RELATO DE CASO / RELATO DE CASO

Micobacteriose disseminada por M. kansasii
associada à Aids: relato de caso
Disseminated micobacteriosis due to Mycobacterium kansasii in
a patient with Aids: case report

Mara Cristina S. M. Pappalardo
Elisa M. Aires
Ivelise M. Moreira
Ícaro Boszczowski
Alexandre E. Campéas
Alcides M. B. Filho


IV Unidade de Internação do Instituto de Infectologia Emílio Ribas (IIER), São Paulo, Brasil.
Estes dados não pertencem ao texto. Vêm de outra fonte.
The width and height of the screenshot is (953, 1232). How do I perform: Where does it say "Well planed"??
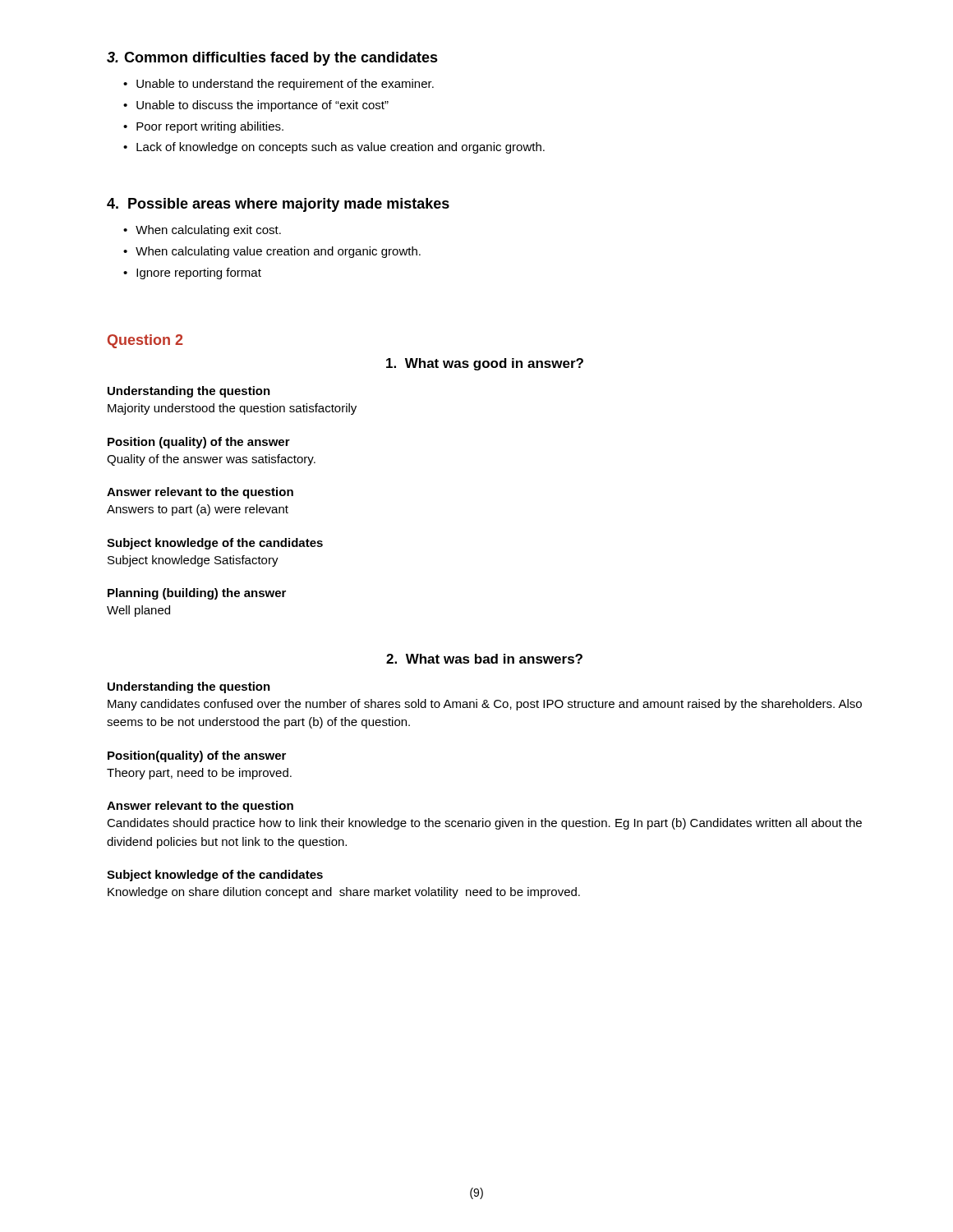(x=139, y=610)

Rev Panam Infectol 2004;6(3):51-54.




Recibido en 29/7/2004.
Aceptado para publicación en 14/9/2004.
Resumo

Descreveremos um caso de micobacteriose disseminada por M. kansasii em paciente com Aids, que se apresentava com febre, anemia e hepatoesplenomegalia. Após investigação rigorosa e tratamento presuntivo para M. tuberculosis e M. avium-intracellulare, a paciente teve M. kansasii isolada em cultura de medula óssea e escarro. Micobacteriose por Mycobacterium kansasii associada à Aids é relatada no mundo todo, inclusive no Brasil, onde, apesar da enorme prevalência da doença por Mycobacterium tuberculosis, constitui diagnóstico diferencial importante.

Palavras-chave: Micobacteriose, Aids, M. kansasii.

Abstract

We report the case of a patient with Aids and M. kansasii infection who presented with fever, anemia and hepatoesplenomegaly. After comprehensive investigation and presumptive treatment for M. avium-intracellulare, M. kansasii was isolated in bone marrow and sputum cultures. Mycobacterium kansasii infection in patients with Aids has been reported world-wide including Brazil, where in spite of the great prevalence of Mycobacterium tuberculosis, it represents important differential diagnosis.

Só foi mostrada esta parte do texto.